WORK TO COMPLETE –
Among the entries below, please repeat exactly and only the lines from the line containing "Answer: Energy-efficient appliances" to the line containing "Answer: 1-2 months'", both lines included.

━━━

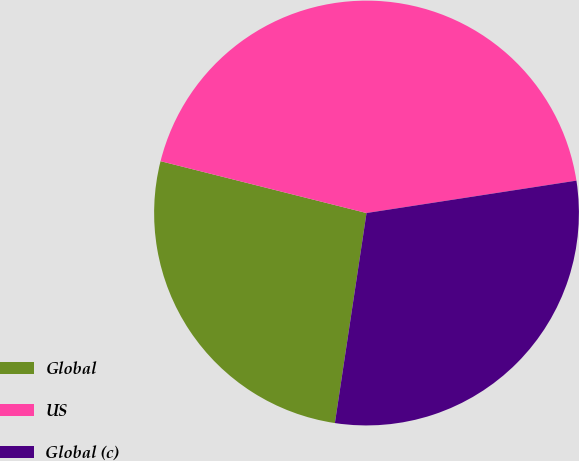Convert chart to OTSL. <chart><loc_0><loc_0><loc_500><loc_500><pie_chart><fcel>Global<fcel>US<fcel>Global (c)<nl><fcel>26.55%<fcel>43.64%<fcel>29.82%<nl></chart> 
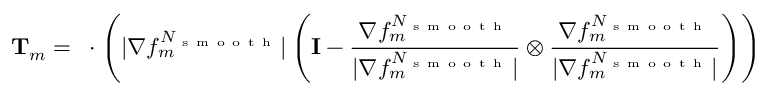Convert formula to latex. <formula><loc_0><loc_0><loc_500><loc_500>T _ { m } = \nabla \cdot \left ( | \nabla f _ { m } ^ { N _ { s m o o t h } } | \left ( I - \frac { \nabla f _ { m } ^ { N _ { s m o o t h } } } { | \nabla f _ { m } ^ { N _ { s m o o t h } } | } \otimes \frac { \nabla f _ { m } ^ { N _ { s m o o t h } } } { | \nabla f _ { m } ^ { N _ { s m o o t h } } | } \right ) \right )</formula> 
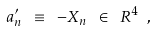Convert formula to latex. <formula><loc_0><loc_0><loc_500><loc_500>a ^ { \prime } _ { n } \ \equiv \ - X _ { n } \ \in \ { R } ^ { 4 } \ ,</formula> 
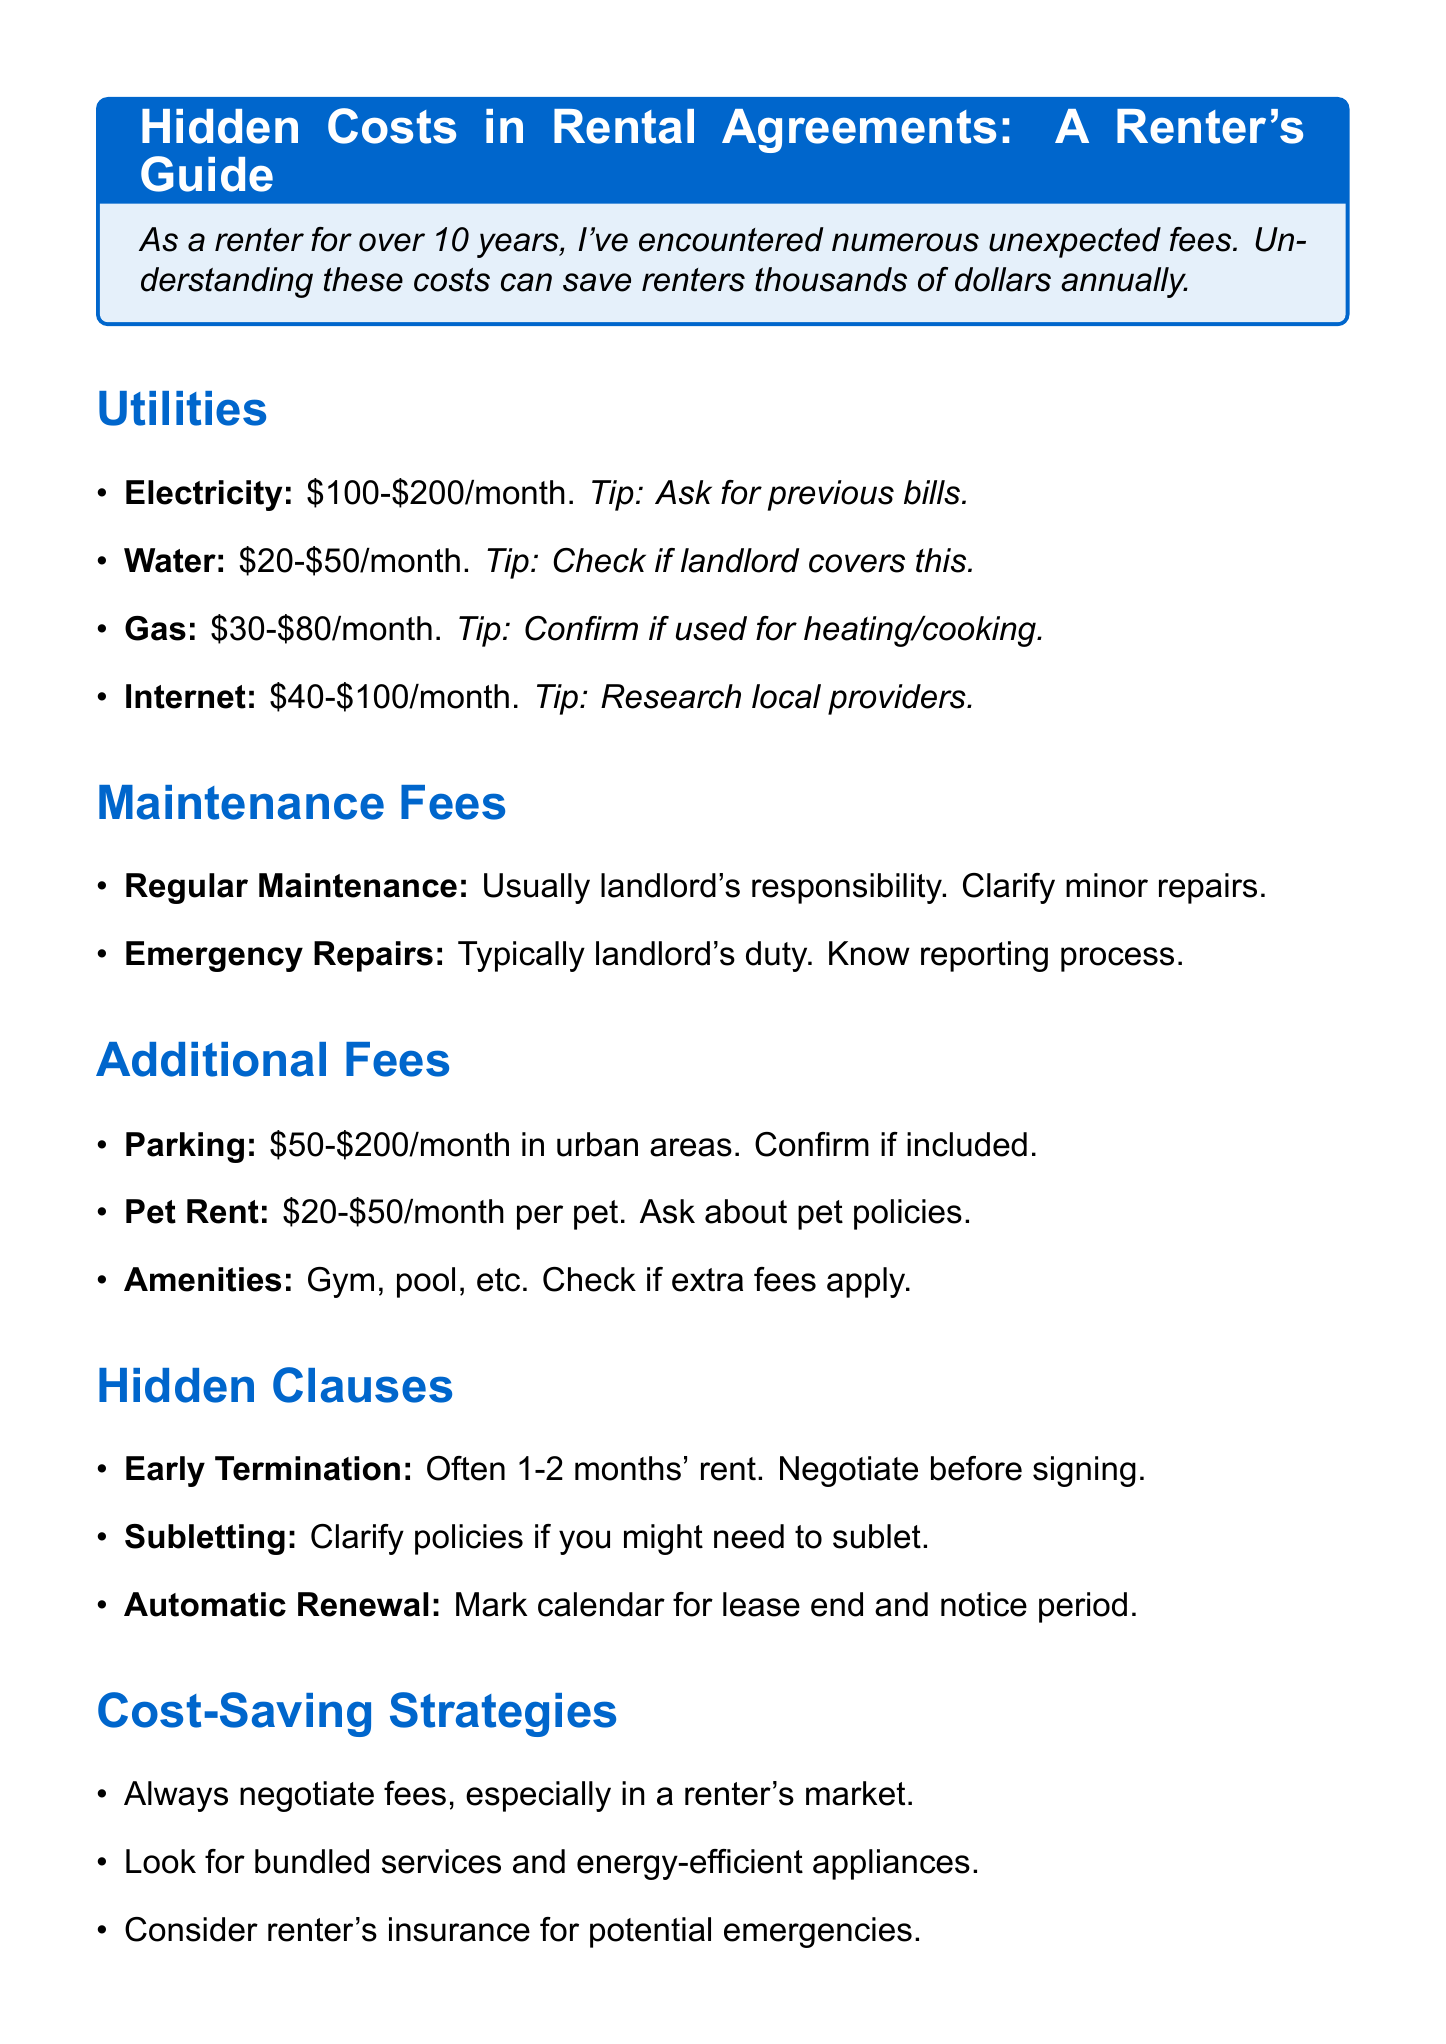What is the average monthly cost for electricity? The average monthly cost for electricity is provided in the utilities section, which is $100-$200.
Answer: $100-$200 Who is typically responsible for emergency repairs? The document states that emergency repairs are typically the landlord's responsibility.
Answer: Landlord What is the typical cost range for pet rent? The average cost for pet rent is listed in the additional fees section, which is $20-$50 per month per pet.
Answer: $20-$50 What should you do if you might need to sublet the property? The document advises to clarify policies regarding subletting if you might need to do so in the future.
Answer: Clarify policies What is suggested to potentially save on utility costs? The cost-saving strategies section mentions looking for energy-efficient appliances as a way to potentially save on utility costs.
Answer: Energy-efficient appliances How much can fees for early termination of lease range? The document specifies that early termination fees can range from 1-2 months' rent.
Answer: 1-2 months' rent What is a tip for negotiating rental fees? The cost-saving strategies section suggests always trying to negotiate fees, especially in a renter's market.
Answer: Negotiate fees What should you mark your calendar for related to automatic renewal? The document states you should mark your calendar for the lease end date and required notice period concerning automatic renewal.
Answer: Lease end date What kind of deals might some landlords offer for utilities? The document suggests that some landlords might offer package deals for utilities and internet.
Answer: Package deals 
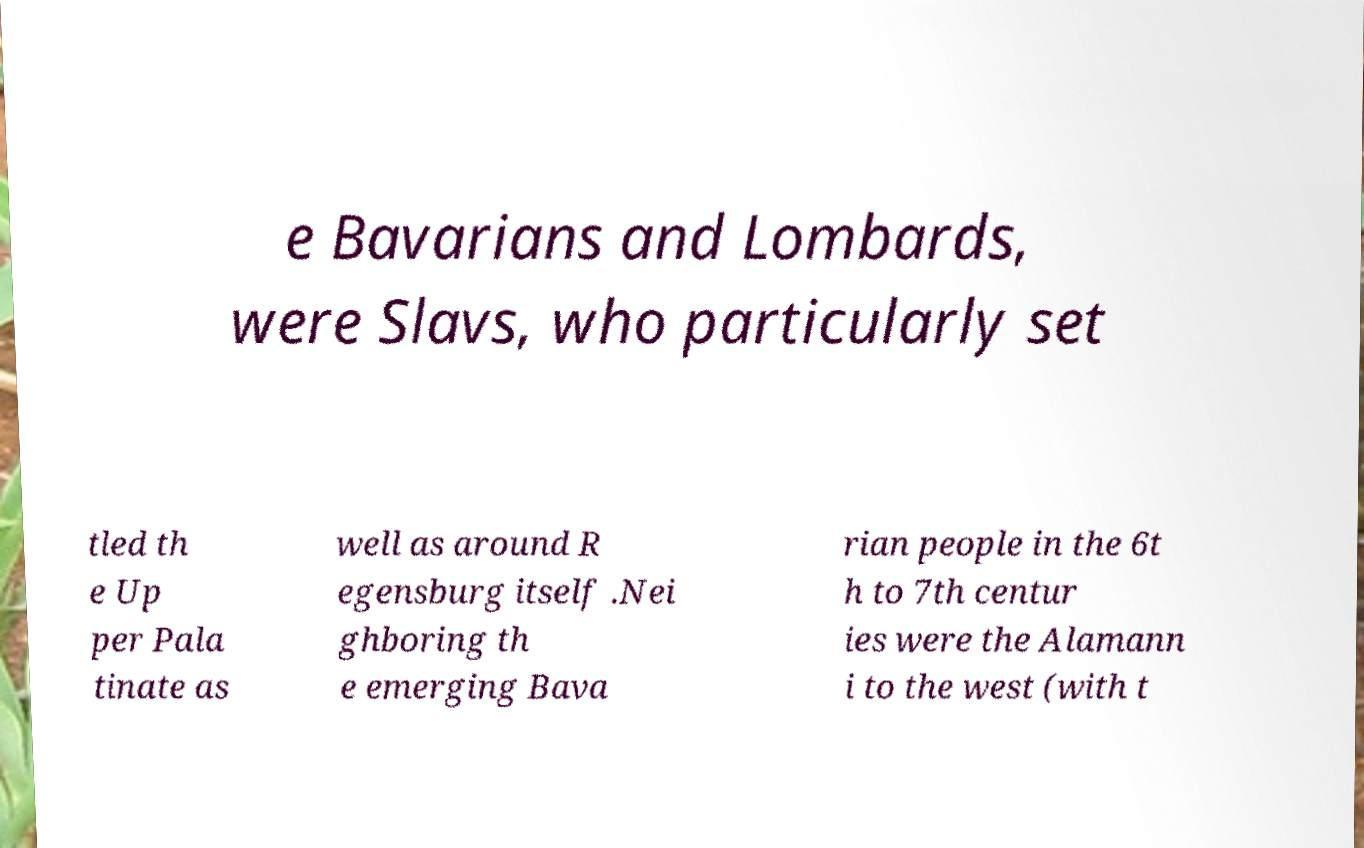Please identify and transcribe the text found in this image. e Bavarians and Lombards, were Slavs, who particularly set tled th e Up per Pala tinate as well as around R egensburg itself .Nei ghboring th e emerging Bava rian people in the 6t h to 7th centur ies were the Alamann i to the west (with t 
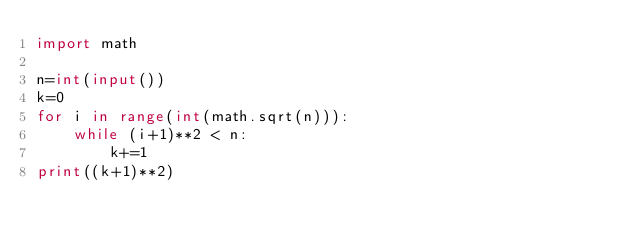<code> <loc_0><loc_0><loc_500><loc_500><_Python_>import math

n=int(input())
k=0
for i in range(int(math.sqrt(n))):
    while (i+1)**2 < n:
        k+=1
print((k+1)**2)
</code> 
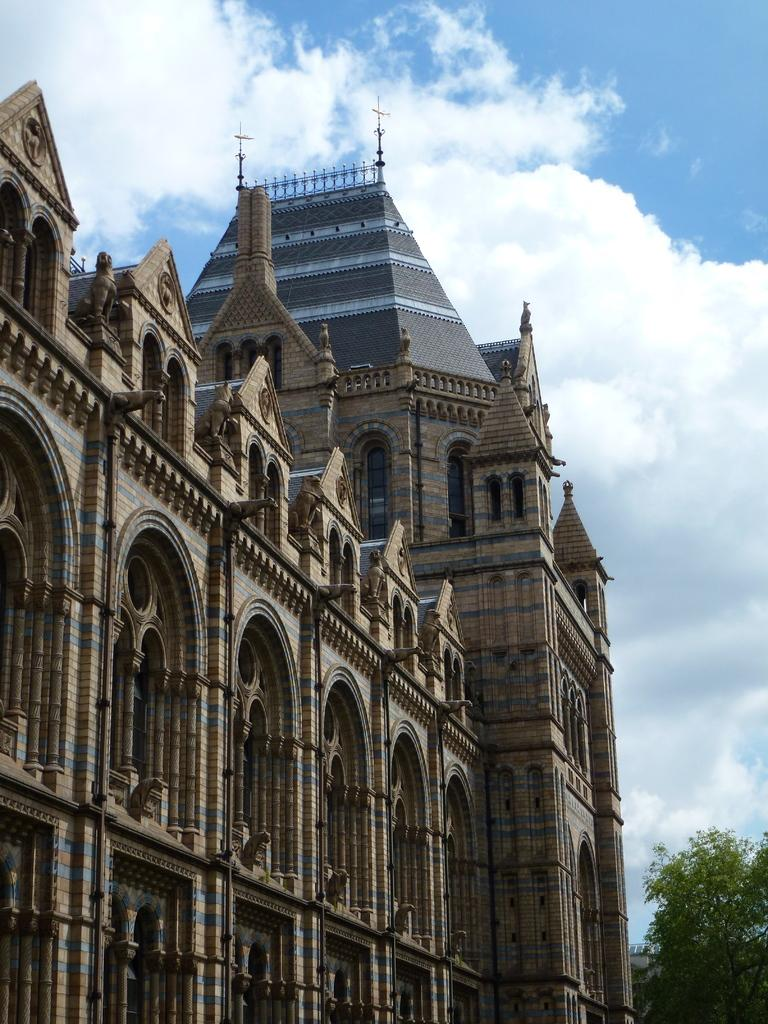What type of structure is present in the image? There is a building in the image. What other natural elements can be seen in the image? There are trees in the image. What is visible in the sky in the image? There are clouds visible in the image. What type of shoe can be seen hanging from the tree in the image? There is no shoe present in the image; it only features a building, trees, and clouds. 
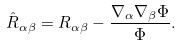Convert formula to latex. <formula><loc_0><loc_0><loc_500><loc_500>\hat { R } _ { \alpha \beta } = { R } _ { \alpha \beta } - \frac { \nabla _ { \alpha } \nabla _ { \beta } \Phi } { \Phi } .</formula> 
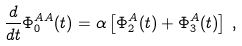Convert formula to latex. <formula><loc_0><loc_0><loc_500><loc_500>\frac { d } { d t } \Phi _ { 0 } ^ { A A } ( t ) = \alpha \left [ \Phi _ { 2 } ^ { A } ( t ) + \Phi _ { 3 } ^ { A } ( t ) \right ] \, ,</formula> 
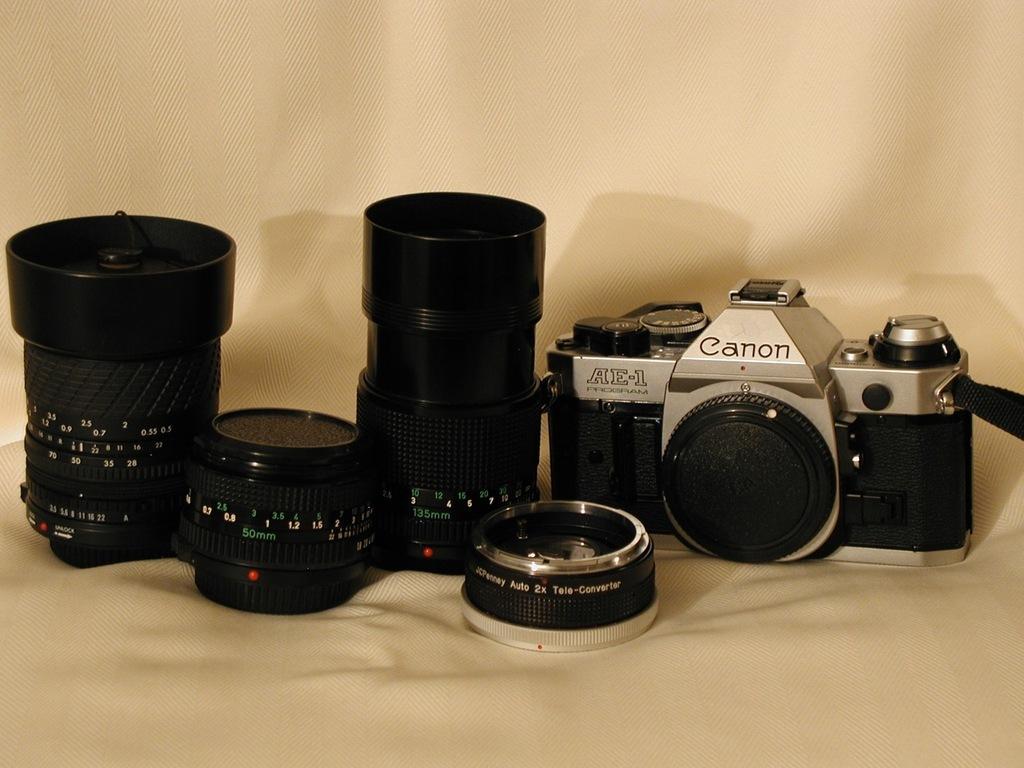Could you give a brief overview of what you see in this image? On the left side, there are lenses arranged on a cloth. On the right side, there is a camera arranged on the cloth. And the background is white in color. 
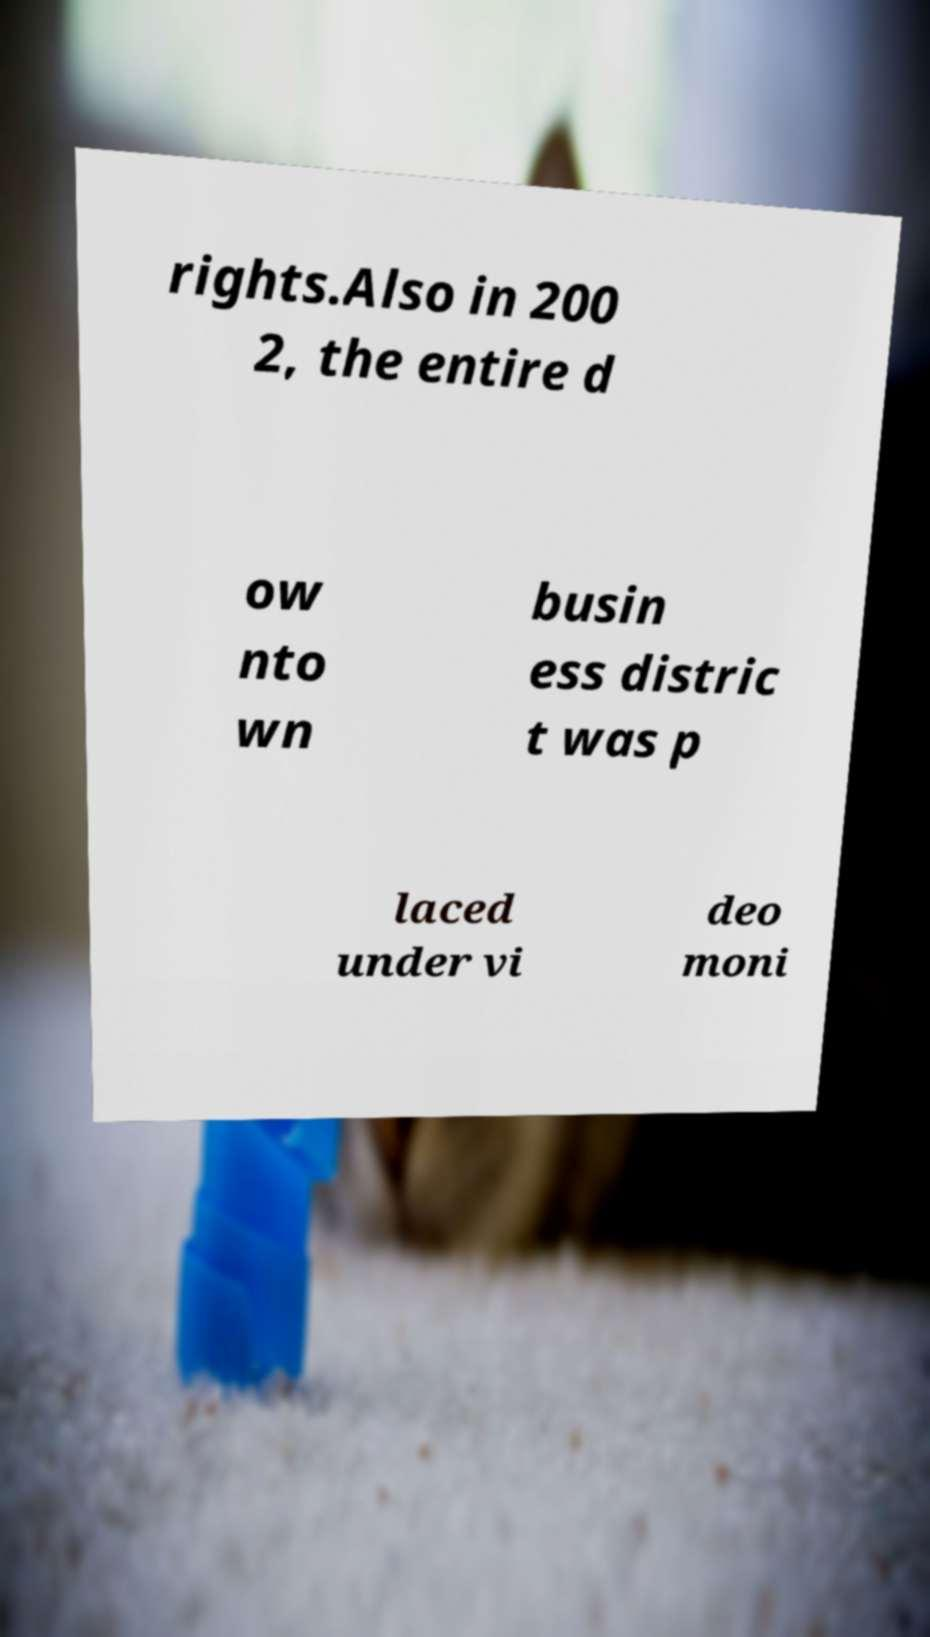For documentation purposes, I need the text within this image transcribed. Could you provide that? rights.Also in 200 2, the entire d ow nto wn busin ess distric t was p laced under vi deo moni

━━━

EXERCISE ANSWER –
Answer: Energy-efficient appliances How much can fees for early termination of lease range? The document specifies that early termination fees can range from 1-2 months' rent.
Answer: 1-2 months' rent What is a tip for negotiating rental fees? The cost-saving strategies section suggests always trying to negotiate fees, especially in a renter's market.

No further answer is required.